Created on 2020-02-17 by the reprex package (v0.3.0)

I need a sample of any 50 numbers that match the all following criteria for all the rows of df:

  1. >= .750
  2. <= 99.450
  3. < km_ini - .750
  4. > km_fin + .750

My best shot is far away from what I am expecting. First I did a runif, then I enframed it, and tried to filter, but I just got it working for the first two conditions. Anyway, I don't necessarily need the result as a data frame, it could be a numeric vector.

library(tidyverse, verbose = F)

set.seed(42)
sort(runif(100000, 0, 99.450)) %>% 
  enframe(., "ID", "km") %>% 
  filter(km >= .750 & km <= 99.450 - .750)
#> # A tibble: 98,467 x 2
#>       ID    km
#>    <int> <dbl>
#>  1   763 0.750
#>  2   764 0.751
#>  3   765 0.751
#>  4   766 0.753
#>  5   767 0.753
#>  6   768 0.754
#>  7   769 0.754
#>  8   770 0.755
#>  9   771 0.755
#> 10   772 0.757
#> # … with 98,457 more rows

EDIT: trying to visually display the problem

The final result needs to be a numerical vector (or df) that assesses the entire data set, not just each row separately. As an example for the first two lines, see the following representation:

enter image description here

So, see that:

  • The black line indicates that I cannot have data smaller than .750.
  • The blue line indicates where I cannot have records due to the coverage area of km_ini and km_fin (arrows) of line 1 and one more appendix considering the area of + or - .750 (between the arrows and the points).
  • The red line indicates where I cannot have records due to the coverage area of km_ini and km_fin (arrows) of line 2 and another appendix considering the area of + or - .750 (between the arrows and the points).

This way, right away, the random set of data within the first 4000 meters, could only have numbers from 3030 + .750.

The question, then, is to try to do this programmatically so that all lines of the data frame are evaluated and the numbers generated are not within all the conditions mentioned.


Solution

  • I think I understand. You want to sample in the gaps delimited by the distances, with the complicating factor that you cannot sample on either side of the marked distances for 750m.

    I think it is useful to get a clearer visual understanding of the problem. In this plot, the x axis represents distance (the y axis is just a "dummy" axis, since we are only interested in the x axis).

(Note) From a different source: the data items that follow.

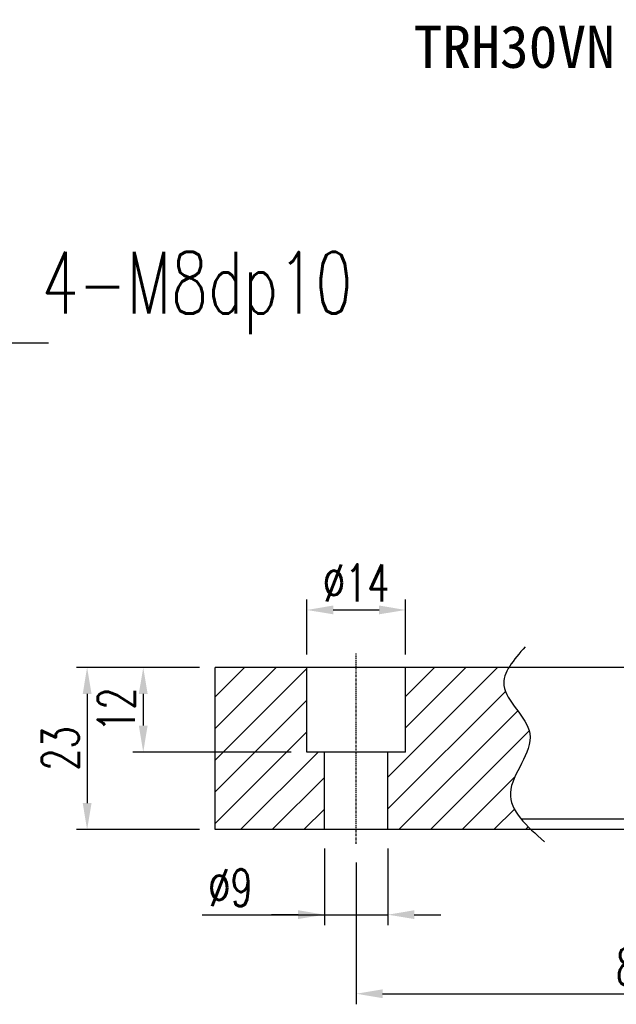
# Model space of a CAD drawing. Extents: x 109 to 490, y 236 to 967.
# Tile 2 of 50: x 238 to 323, y 827 to 967. Entities that reach past the tile are written whole.
import ezdxf
from ezdxf.enums import TextEntityAlignment as Align

# ---------------------------------------------------------------- set-up
doc = ezdxf.new("R2010")
doc.units = 0
doc.header["$MEASUREMENT"] = 0
doc.header["$PDMODE"] = 1
doc.linetypes.add('CENTER', pattern=[2, 1.25, -0.25, 0.25, -0.25])
doc.layers.get('DEFPOINTS').update_dxf_attribs({"linetype": 'CONTINUOUS'})
for name, color, linetype in [('2', 7, 'CONTINUOUS'), ('CHA', 7, 'CONTINUOUS'), ('CL', 1, 'CENTER'), ('DIM', 4, 'CONTINUOUS')]:
    doc.layers.add(name, color=color, linetype=linetype)
doc.styles.add('DIM-7', font='SIMPLEX.shx', dxfattribs={"width": 0.7, "bigfont": 'chineset.shx'})
doc.styles.add('T', font='kaiu.ttf')
doc.dimstyles.new('CNS', dxfattribs={"dimtxt": 3.5, "dimasz": 2.5, "dimexe": 1, "dimexo": 1.5, "dimgap": 0.09, "dimtad": 0, "dimdsep": 46, "dimtxsty": 'DIM-7', "dimcen": 0.09, "dimclrd": 1, "dimclre": 1, "dimclrt": 4, "dimadec": 0, "dimazin": 0, "dimtfac": 1, "dimtix": 1, "dimtmove": 2, "dimatfit": 3, "dimfxl": 1, "dimtvp": 0.971429, "dimtolj": 1, "dimarcsym": 0})
pattern_1 = [(45, (-89.8, 596.145), (-2.245064, 2.245064), [])]

# ---------------------------------------------------------------- blocks, each defined once
blk = doc.blocks.new('*D56')
at = {"layer": 'DEFPOINTS', "color": 0, "transparency": 16777216}
for p in [(285.82, 849.69), (365.82, 849.69), (365.82, 828.82)]:
    blk.add_point(p, dxfattribs=at)
at = {"layer": 'DIM', "color": 7, "lineweight": -2, "transparency": 16777216}
for p, q in [((285.82, 847.44), (285.82, 827.32)), ((365.82, 847.44), (365.82, 827.32)), ((289.57, 828.82), (362.07, 828.82))]:
    blk.add_line(p, q, dxfattribs=at)
at = {"layer": 'DIM', "color": 7, "transparency": 16777216}
for points in [[(289.57, 829.44), (289.57, 828.19), (285.82, 828.82)], [(362.07, 829.44), (362.07, 828.19), (365.82, 828.82)]]:
    blk.add_solid(points, dxfattribs=at)
at = {"layer": 'DIM', "color": 7, "transparency": 16777216, "insert": (325.82, 832.64), "char_height": 5.25, "attachment_point": 5, "style": 'DIM-7'}
blk.add_mtext('\\A1;80', dxfattribs=at)
blk = doc.blocks.new('*D57')
at = {"layer": 'DEFPOINTS', "color": 0, "transparency": 16777216}
for p in [(281.32, 851.69), (290.32, 851.69), (290.32, 840.03)]:
    blk.add_point(p, dxfattribs=at)
at = {"layer": 'DIM', "color": 7, "lineweight": -2, "transparency": 16777216}
for p, q in [((281.32, 849.44), (281.32, 838.53)), ((290.32, 849.44), (290.32, 838.53)), ((263.97, 840.03), (281.32, 840.03)), ((277.57, 840.03), (273.82, 840.03)), ((281.32, 840.03), (290.32, 840.03)), ((281.32, 840.03), (290.32, 840.03)), ((294.07, 840.03), (297.82, 840.03))]:
    blk.add_line(p, q, dxfattribs=at)
at = {"layer": 'DIM', "color": 7, "transparency": 16777216}
for points in [[(277.57, 840.66), (277.57, 839.41), (281.32, 840.03)], [(294.07, 840.66), (294.07, 839.41), (290.32, 840.03)]]:
    blk.add_solid(points, dxfattribs=at)
at = {"layer": 'DIM', "color": 7, "transparency": 16777216, "insert": (267.97, 843.86), "char_height": 5.25, "attachment_point": 5, "style": 'DIM-7'}
blk.add_mtext('\\A1;%%c9', dxfattribs=at)
blk = doc.blocks.new('*D58')
at = {"layer": 'DEFPOINTS', "color": 0, "transparency": 16777216}
for p in [(292.82, 883.25), (278.82, 874.69), (292.82, 874.69)]:
    blk.add_point(p, dxfattribs=at)
at = {"layer": 'DIM', "color": 7, "lineweight": -2, "transparency": 16777216}
for p, q in [((278.82, 876.94), (278.82, 884.75)), ((292.82, 876.94), (292.82, 884.75)), ((282.57, 883.25), (289.07, 883.25))]:
    blk.add_line(p, q, dxfattribs=at)
at = {"layer": 'DIM', "color": 7, "transparency": 16777216}
for points in [[(282.57, 883.88), (282.57, 882.63), (278.82, 883.25)], [(289.07, 883.88), (289.07, 882.63), (292.82, 883.25)]]:
    blk.add_solid(points, dxfattribs=at)
at = {"layer": 'DIM', "color": 7, "transparency": 16777216, "insert": (285.82, 887.08), "char_height": 5.25, "attachment_point": 5, "style": 'DIM-7'}
blk.add_mtext('\\A1;%%c14', dxfattribs=at)
blk = doc.blocks.new('*D59')
at = {"layer": 'DEFPOINTS', "color": 0, "transparency": 16777216}
for p in [(265.82, 875.1), (255.6, 863.1), (278.82, 863.1)]:
    blk.add_point(p, dxfattribs=at)
at = {"layer": 'DIM', "color": 7, "lineweight": -2, "transparency": 16777216}
for p, q in [((263.57, 875.1), (254.1, 875.1)), ((255.6, 871.35), (255.6, 866.85)), ((276.57, 863.1), (254.1, 863.1))]:
    blk.add_line(p, q, dxfattribs=at)
at = {"layer": 'DIM', "color": 7, "transparency": 16777216}
for points in [[(254.97, 871.35), (256.22, 871.35), (255.6, 875.1)], [(254.97, 866.85), (256.22, 866.85), (255.6, 863.1)]]:
    blk.add_solid(points, dxfattribs=at)
at = {"layer": 'DIM', "color": 7, "transparency": 16777216, "insert": (251.77, 869.1), "char_height": 5.25, "attachment_point": 5, "rotation": 90, "style": 'DIM-7'}
blk.add_mtext('\\A1;12', dxfattribs=at)
blk = doc.blocks.new('*D60')
at = {"layer": 'DEFPOINTS', "color": 0, "transparency": 16777216}
for p in [(265.82, 875.1), (247.63, 852.1), (265.82, 852.1)]:
    blk.add_point(p, dxfattribs=at)
at = {"layer": 'DIM', "color": 7, "lineweight": -2, "transparency": 16777216}
for p, q in [((263.57, 875.1), (246.13, 875.1)), ((247.63, 871.35), (247.63, 855.85)), ((263.57, 852.1), (246.13, 852.1))]:
    blk.add_line(p, q, dxfattribs=at)
at = {"layer": 'DIM', "color": 7, "transparency": 16777216}
for points in [[(247.01, 871.35), (248.26, 871.35), (247.63, 875.1)], [(247.01, 855.85), (248.26, 855.85), (247.63, 852.1)]]:
    blk.add_solid(points, dxfattribs=at)
at = {"layer": 'DIM', "color": 7, "transparency": 16777216, "insert": (243.81, 863.6), "char_height": 5.25, "attachment_point": 5, "rotation": 90, "style": 'DIM-7'}
blk.add_mtext('\\A1;23', dxfattribs=at)

msp = doc.modelspace()

# ---------------------------------------------------------------- hatches: boundary and pattern name
at = {"layer": 'DIM'}
h = msp.add_hatch(dxfattribs=at)
h.set_pattern_fill('ANSI31', color=0, style=0)
h.set_pattern_definition(pattern_1)
edge = h.paths.add_edge_path()
edge.add_line((278.817, 875.095), (265.817, 875.095))
edge.add_line((265.817, 875.095), (265.817, 874.688))
edge.add_line((265.817, 874.688), (265.817, 872.735))
edge.add_line((265.817, 872.735), (265.817, 872.244))
edge.add_line((265.817, 872.244), (265.817, 870.447))
edge.add_line((265.817, 870.447), (265.817, 869.955))
edge.add_line((265.817, 869.955), (265.817, 867.764))
edge.add_line((265.817, 867.764), (265.817, 867.455))
edge.add_line((265.817, 867.455), (265.817, 867.002))
edge.add_line((265.817, 867.002), (265.817, 866.507))
edge.add_line((265.817, 866.507), (265.817, 862.585))
edge.add_line((265.817, 862.585), (265.817, 862.09))
edge.add_line((265.817, 862.09), (265.817, 859.3))
edge.add_line((265.817, 859.3), (265.817, 858.805))
edge.add_line((265.817, 858.805), (265.817, 853.595))
edge.add_line((265.817, 853.595), (265.817, 852.095))
edge.add_spline(control_points=[(265.817, 852.095), (281.317, 852.095)], knot_values=[0.9295455, 0.9295455, 1, 1], degree=1, periodic=0)
edge.add_line((281.317, 852.095), (281.317, 863.095))
edge.add_line((281.317, 863.095), (278.817, 863.095))
edge.add_line((278.817, 863.095), (278.817, 875.095))
h = msp.add_hatch(dxfattribs=at)
h.set_pattern_fill('ANSI31', color=0, style=0)
h.set_pattern_definition(pattern_1)
edge = h.paths.add_edge_path()
edge.add_line((292.817, 863.095), (290.317, 863.095))
edge.add_line((290.317, 863.095), (290.317, 852.095))
edge.add_spline(control_points=[(290.317, 852.095), (310.659, 852.095)], knot_values=[0.7961749, 0.7961749, 0.8886364, 0.8886364], degree=1, periodic=0)
edge.add_spline(control_points=[(310.659, 852.095), (308.935, 853.746), (305.696, 857.83), (313.54, 865.621), (305.887, 871.124), (306.983, 874.235), (307.497, 875.095)], knot_values=[3.3374737, 3.3374737, 3.3374737, 3.3374737, 9.6210102, 18.4500333, 26.1924426, 29.1325554, 29.1325554, 29.1325554, 29.1325554], degree=3, periodic=0)
edge.add_line((307.497, 875.095), (292.817, 875.095))
edge.add_line((292.817, 875.095), (292.817, 863.095))

# ---------------------------------------------------------------- linework, layer by layer
at = {"layer": '2', "color": 0, "linetype": 'Continuous'}
for p, q in [((265.817, 874.688), (265.817, 875.095)), ((355.818, 875.095), (265.817, 875.095)), ((265.817, 872.735), (265.817, 874.688)), ((278.817, 863.095), (278.817, 875.095)), ((292.817, 863.095), (292.817, 875.095)), ((265.817, 872.244), (265.817, 872.735)), ((265.817, 870.447), (265.817, 872.244)), ((265.817, 869.955), (265.817, 870.447)), ((265.817, 867.764), (265.817, 869.955)), ((265.817, 867.455), (265.817, 867.764)), ((265.817, 867.002), (265.817, 867.455)), ((265.817, 866.507), (265.817, 867.002)), ((265.817, 862.585), (265.817, 866.507)), ((292.817, 863.095), (278.817, 863.095)), ((281.317, 852.095), (281.317, 863.095)), ((290.317, 852.095), (290.317, 863.095)), ((265.817, 862.09), (265.817, 862.585)), ((265.817, 859.3), (265.817, 862.09)), ((265.817, 858.805), (265.817, 859.3)), ((265.817, 853.595), (265.817, 858.805)), ((265.817, 852.095), (265.817, 853.595))]:
    msp.add_line(p, q, dxfattribs=at)
for points in [[(489.717, 853.595), (309.24, 853.595)], [(489.717, 852.095), (265.817, 852.095)]]:
    msp.add_open_spline(points, degree=1, dxfattribs=at)
at = {"layer": 'CL', "color": 0, "ltscale": 0.2}
msp.add_line((285.817, 850.095), (285.817, 877.095), dxfattribs=at)
at = {"layer": 'DIM', "color": 0}
msp.add_open_spline([(309.798, 878.035), (308.183, 876.188), (304.578, 872.065), (313.54, 865.621), (304.944, 857.083), (310.052, 852.584), (312.553, 850.38)], degree=3, knots=[0, 0, 0, 0, 6.2775865, 14.0199958, 22.8490189, 31.3236365, 31.3236365, 31.3236365, 31.3236365], dxfattribs=at)

# ---------------------------------------------------------------- texts
at = {"layer": 'CHA', "color": 7, "style": 'T'}
msp.add_text('TRH30VN', height=6, dxfattribs=at).set_placement((308.262, 963.087), align=Align.MIDDLE)
at = {"layer": 'DIM', "color": 0, "insert": (241.174, 922.36), "char_height": 8.75, "attachment_point": 7, "style": 'DIM-7'}
msp.add_mtext('\\A1;4-M8dp10', dxfattribs=at)

# ---------------------------------------------------------------- dimensions: what is measured, and where the dimension line sits
at = {"layer": 'DIM', "color": 0}
dim = msp.add_linear_dim(base=(292.817, 883.251), p1=(278.817, 874.688), p2=(292.817, 874.688), text='%%c<>', dimstyle='CNS', override={"dimscale": 1.5, "dimgap": 0.8, "dimtad": 1, "dimclrd": 7, "dimclre": 7, "dimclrt": 7, "dimadec": 2, "dimazin": 2, "dimtm": 1e-09, "dimtfac": 0.6, "dimtmove": 1}, dxfattribs=at)
dim.commit()
dim.dimension.update_dxf_attribs({"geometry": '*D58', "text_midpoint": (285.817, 887.076)})
for base, p2, picture, middle in [((247.633, 852.095), (265.817, 852.095), '*D60', (243.808, 863.595)), ((255.597, 863.095), (278.817, 863.095), '*D59', (251.772, 869.095))]:
    dim = msp.add_linear_dim(base=base, p1=(265.817, 875.095), p2=p2, angle=90, dimstyle='CNS', override={"dimscale": 1.5, "dimgap": 0.8, "dimtad": 1, "dimclrd": 7, "dimclre": 7, "dimclrt": 7, "dimadec": 2, "dimazin": 2, "dimtm": 1e-09, "dimtfac": 0.6, "dimtmove": 1}, dxfattribs=at)
    dim.commit()
    dim.dimension.update_dxf_attribs({"geometry": picture, "text_midpoint": middle})
dim = msp.add_linear_dim(base=(290.317, 840.03), p1=(281.317, 851.688), p2=(290.317, 851.688), text='%%c<>', dimstyle='CNS', override={"dimscale": 1.5, "dimgap": 0.8, "dimtad": 1, "dimclrd": 7, "dimclre": 7, "dimclrt": 7, "dimadec": 2, "dimazin": 2, "dimtm": 1e-09, "dimtfac": 0.6, "dimtmove": 1}, dxfattribs=at)
dim.commit()
dim.dimension.update_dxf_attribs({"geometry": '*D57', "text_midpoint": (267.972, 843.855), "dimtype": 160})
dim = msp.add_linear_dim(base=(365.817, 828.818), p1=(285.817, 849.688), p2=(365.817, 849.688), dimstyle='CNS', override={"dimscale": 1.5, "dimgap": 0.8, "dimtad": 1, "dimclrd": 7, "dimclre": 7, "dimclrt": 7, "dimadec": 2, "dimazin": 2, "dimtm": 1e-09, "dimtfac": 0.6, "dimtmove": 1}, dxfattribs=at)
dim.commit()
dim.dimension.update_dxf_attribs({"geometry": '*D56', "text_midpoint": (325.817, 832.643)})

# ---------------------------------------------------------------- leaders
at = {"layer": 'DIM', "color": 0, "annotation_type": 0, "has_hookline": 1, "hookline_direction": 0}
msp.add_leader([(202.438, 897.307), (236.224, 921.16), (239.974, 921.16)], dimstyle='CNS', override={"dimscale": 1.5, "dimgap": 0.8, "dimtad": 1, "dimclrd": 7, "dimclre": 4, "dimadec": 2, "dimazin": 2, "dimtm": 1e-09, "dimtfac": 0.6, "dimtmove": 1}, dxfattribs=at)

doc.saveas('drawing.dxf')

The black bars are the "exclusion zones" in which we cannot sample. There are also 750m zones on either side of the exclusion zones in which we do not want to sample, which are here coloured red:

    enter image description here

    So essentially, we want a uniform sample from the non-shaded areas of the x axis in this plot.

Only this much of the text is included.